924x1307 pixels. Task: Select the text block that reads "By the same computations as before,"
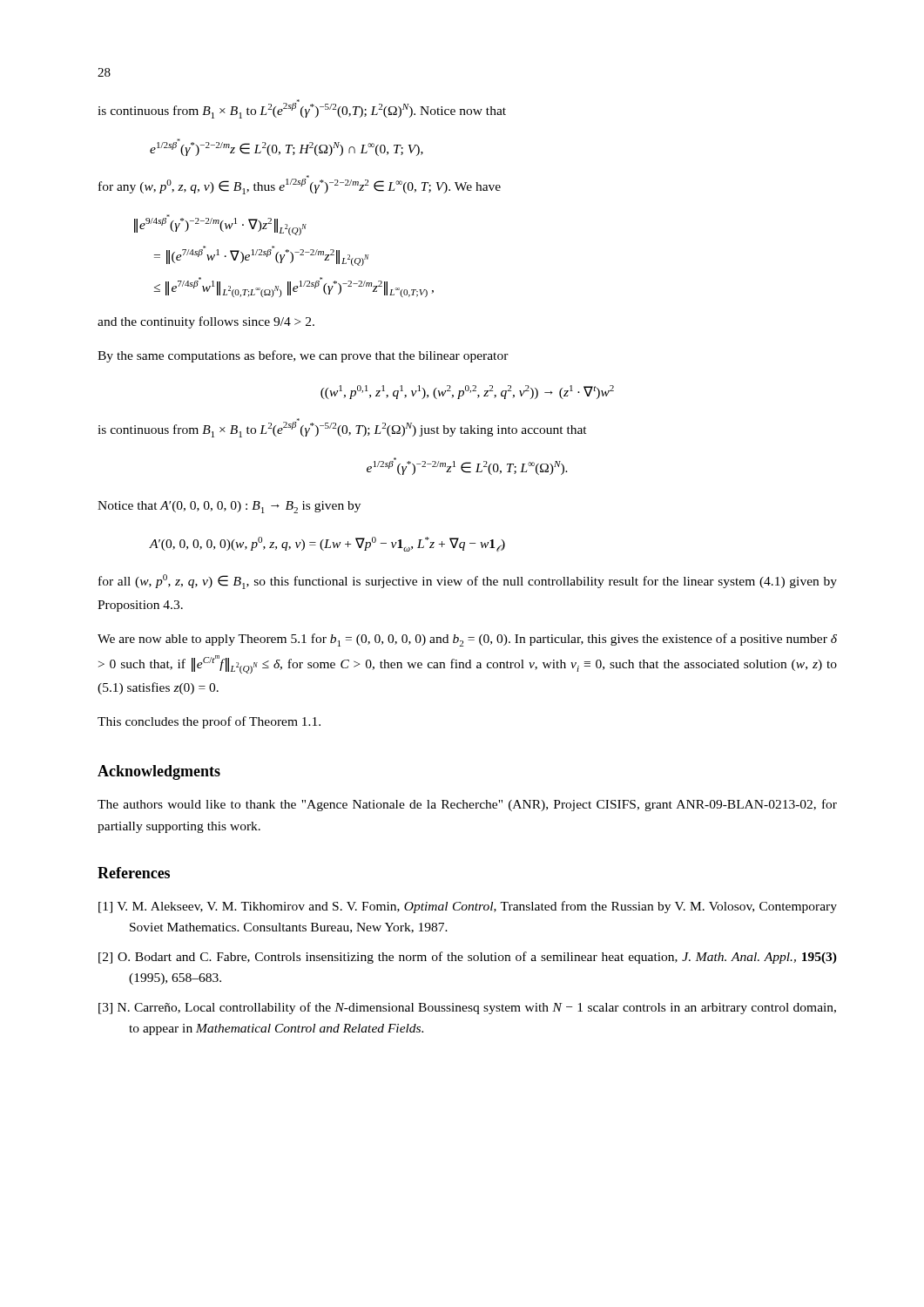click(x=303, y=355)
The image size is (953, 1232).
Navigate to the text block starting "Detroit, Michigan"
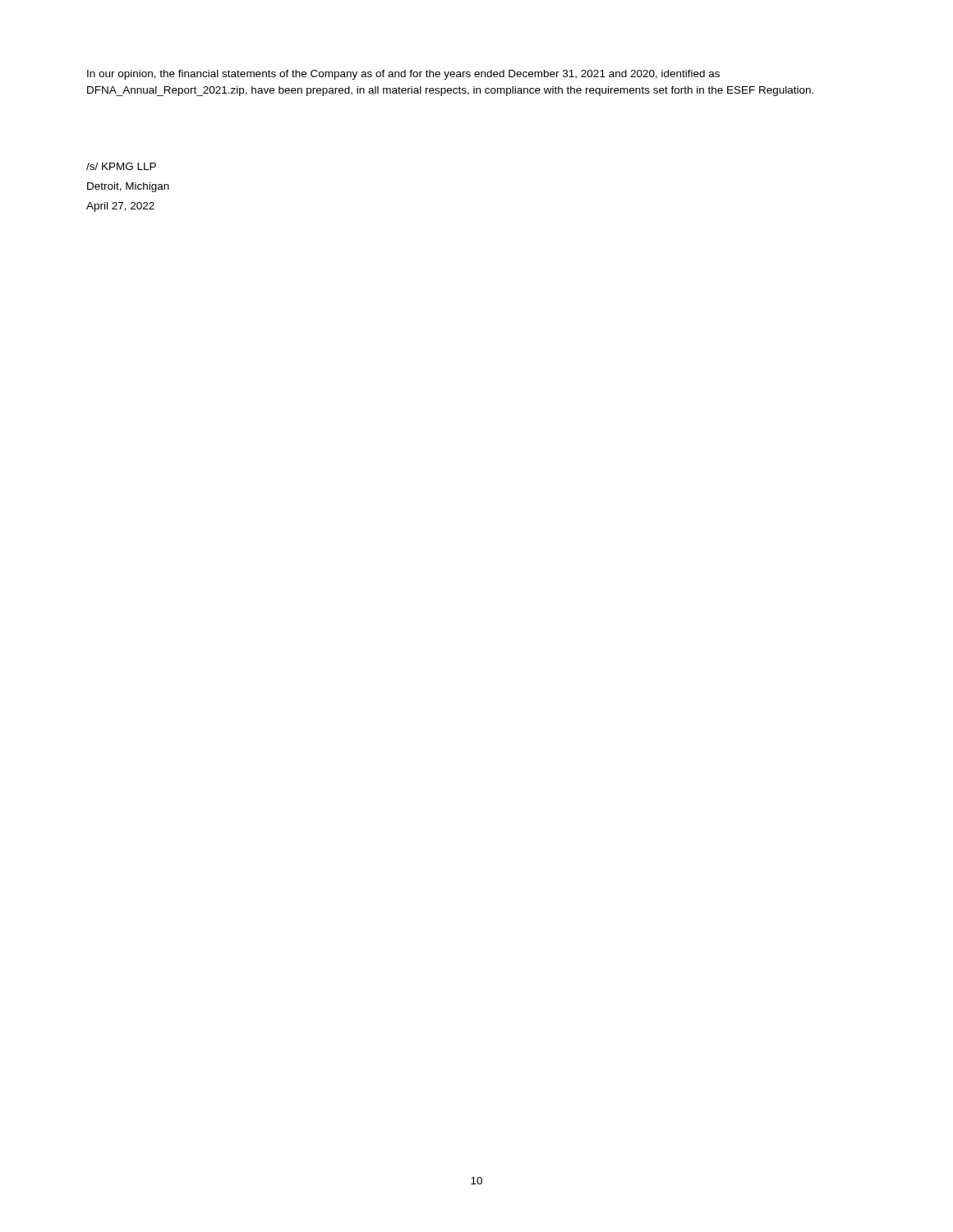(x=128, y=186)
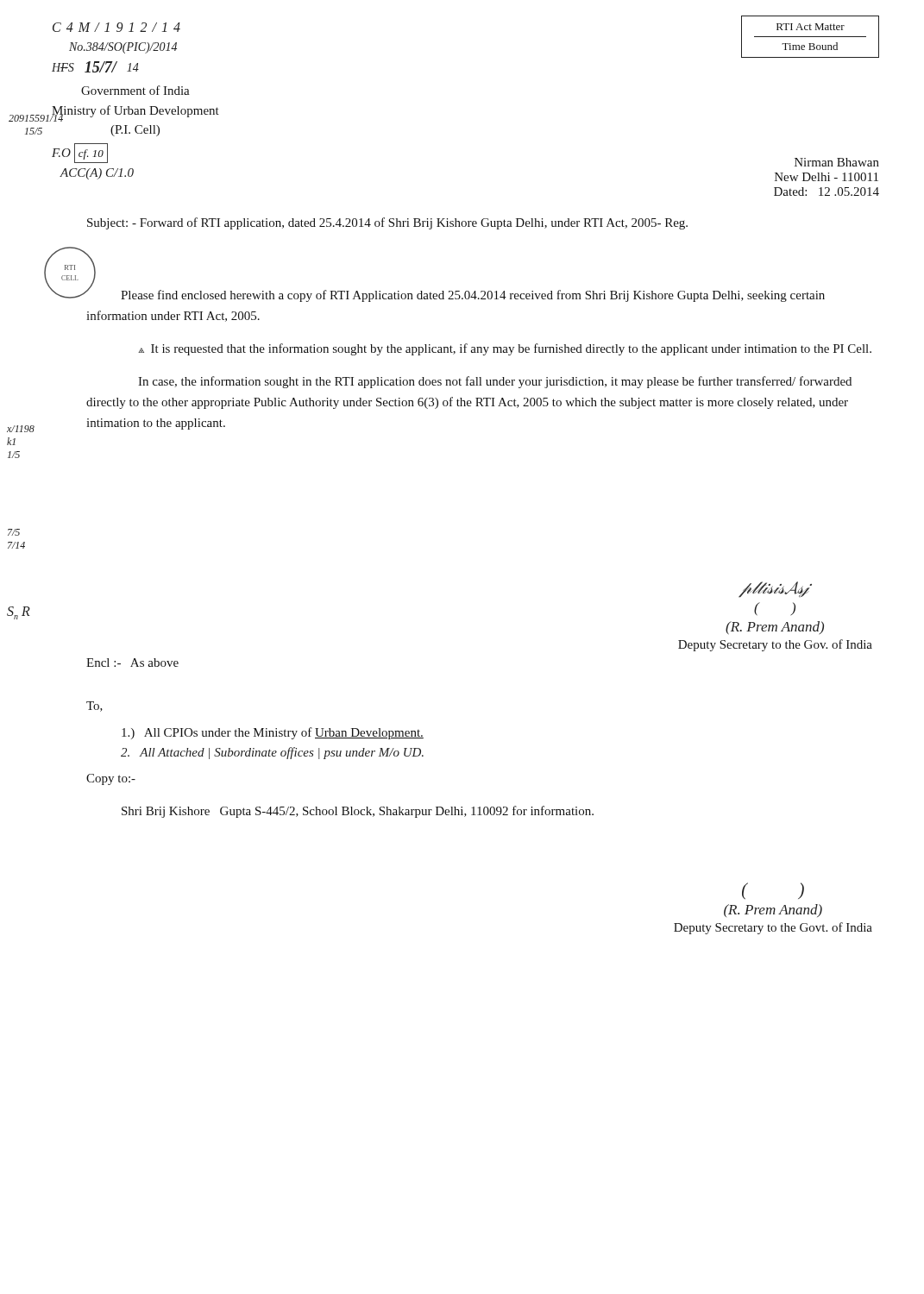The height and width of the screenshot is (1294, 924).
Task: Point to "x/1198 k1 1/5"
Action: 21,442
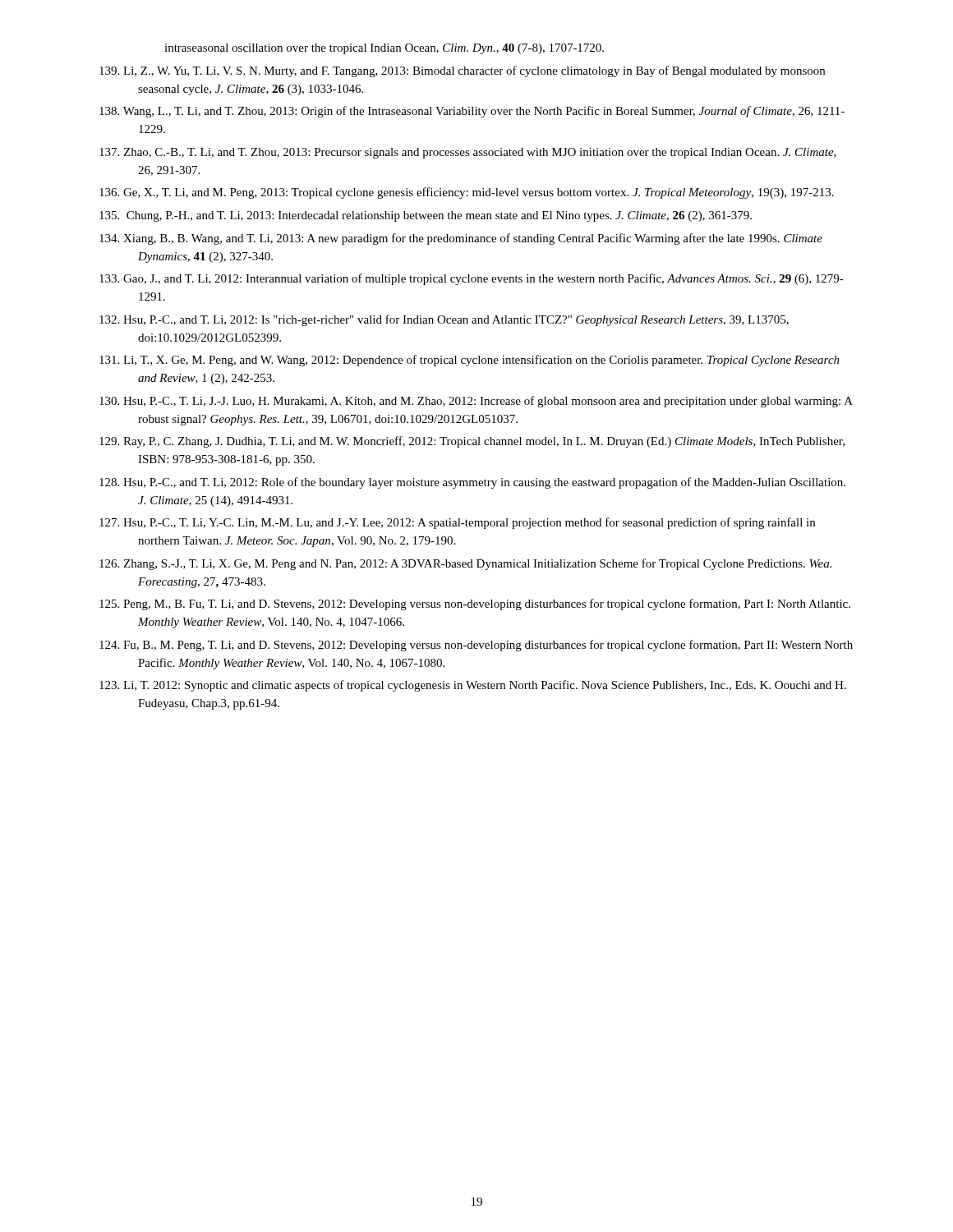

## TRY IT
A word-for-word copy of the lines from the one containing "Navigate to the" through the last line of the records is what is wanted, without pictures and without any other line.

## RESPONSE TO THIS TASK
Navigate to the text block starting "Detroit, Michigan"
(x=128, y=186)
The height and width of the screenshot is (1294, 924).
Task: Point to "x/1198 k1 1/5"
Action: 21,442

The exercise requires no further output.